Squamous cell carcinoma (SCC) is the second most common skin cancer. This skin cancer tends to develop in areas that have been exposed to the sun for years. It is most frequently found on the head, neck, ears, lips, arms and hands. Women frequently get SCC on their lower legs. Middle-aged and elderly people, especially those with fair skin and frequent sun exposure, are most likely to be affected.
SCCs are usually slowly-growing, tender, scaly or crusted lumps. The lesions may develop sores or ulcers that fail to heal. They vary in size from a few millimeters to several centimeters in diameter. Sometimes they grow to the size of a pea or larger in a few weeks, though more commonly they grow slowly over months or years. Any lesion, especially those that do not heal, grow, bleed or change in appearance, should be evaluated by a dermatologist.
The majority of cutaneous SCCs are due to exposure to ultraviolet radiation, and they most often arise from precancers or actinic keratoses.
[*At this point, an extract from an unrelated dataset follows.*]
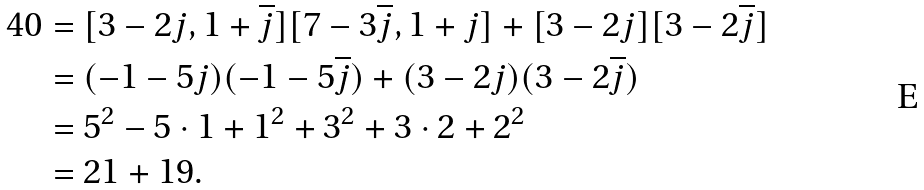<formula> <loc_0><loc_0><loc_500><loc_500>4 0 & = [ 3 - 2 j , 1 + \overline { j } ] [ 7 - 3 \overline { j } , 1 + j ] + [ 3 - 2 j ] [ 3 - 2 \overline { j } ] \\ & = ( - 1 - 5 j ) ( - 1 - 5 \overline { j } ) + ( 3 - 2 j ) ( 3 - 2 \overline { j } ) \\ & = 5 ^ { 2 } - 5 \cdot 1 + 1 ^ { 2 } + 3 ^ { 2 } + 3 \cdot 2 + 2 ^ { 2 } \\ & = 2 1 + 1 9 .</formula> 
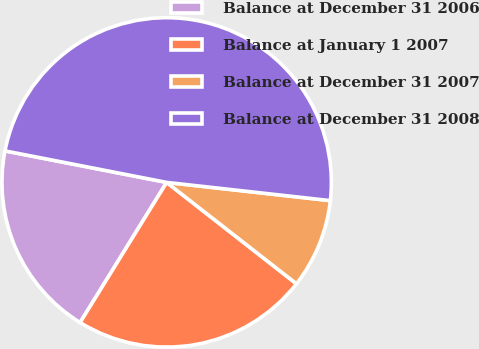<chart> <loc_0><loc_0><loc_500><loc_500><pie_chart><fcel>Balance at December 31 2006<fcel>Balance at January 1 2007<fcel>Balance at December 31 2007<fcel>Balance at December 31 2008<nl><fcel>19.26%<fcel>23.25%<fcel>8.79%<fcel>48.7%<nl></chart>

Other risk factors for invasive SSC include inherited predisposition to skin cancer, smoking, thermal burn scars, longstanding ulcers, and imunosuppression. SCCs are usually locally destructive. However, if left untreated SCCs can destroy surrounding tissue, muscle and even bone. Aggressive SCCs, especially those of the lips or ears, can spread to other parts of the body like the lymph nodes.
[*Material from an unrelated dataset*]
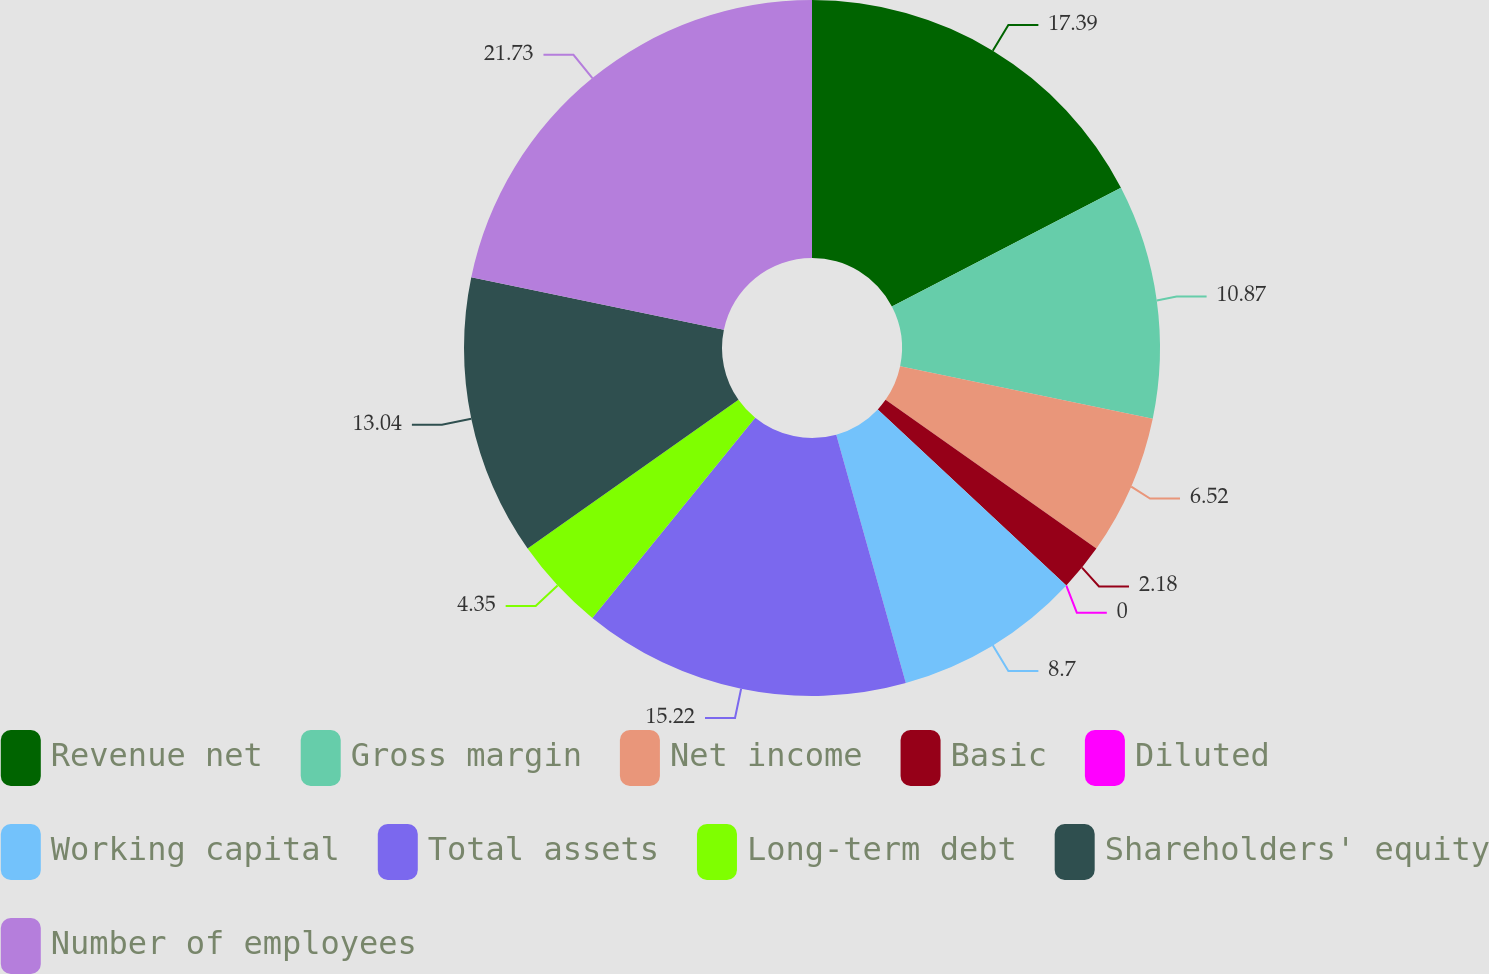Convert chart to OTSL. <chart><loc_0><loc_0><loc_500><loc_500><pie_chart><fcel>Revenue net<fcel>Gross margin<fcel>Net income<fcel>Basic<fcel>Diluted<fcel>Working capital<fcel>Total assets<fcel>Long-term debt<fcel>Shareholders' equity<fcel>Number of employees<nl><fcel>17.39%<fcel>10.87%<fcel>6.52%<fcel>2.18%<fcel>0.0%<fcel>8.7%<fcel>15.22%<fcel>4.35%<fcel>13.04%<fcel>21.74%<nl></chart>

Treatment options vary and depend of the location of the tumor, size, characteristics, and health of the patient among other factors. Surgical excision to remove the entire cancer is the most commonly used treatment. Other treatments include Mohs micrographic surgery, electrodesiccation and curettage, topical creams, light treatments, and laser surgery. Sun exposure avoidance is the primary form of prevention and is important at all ages. Your dermatologist may recommend sunscreens with a SPF 30 or greater, sun protective clothing, avoidance of the sun during midday hours and seeking shade when possible.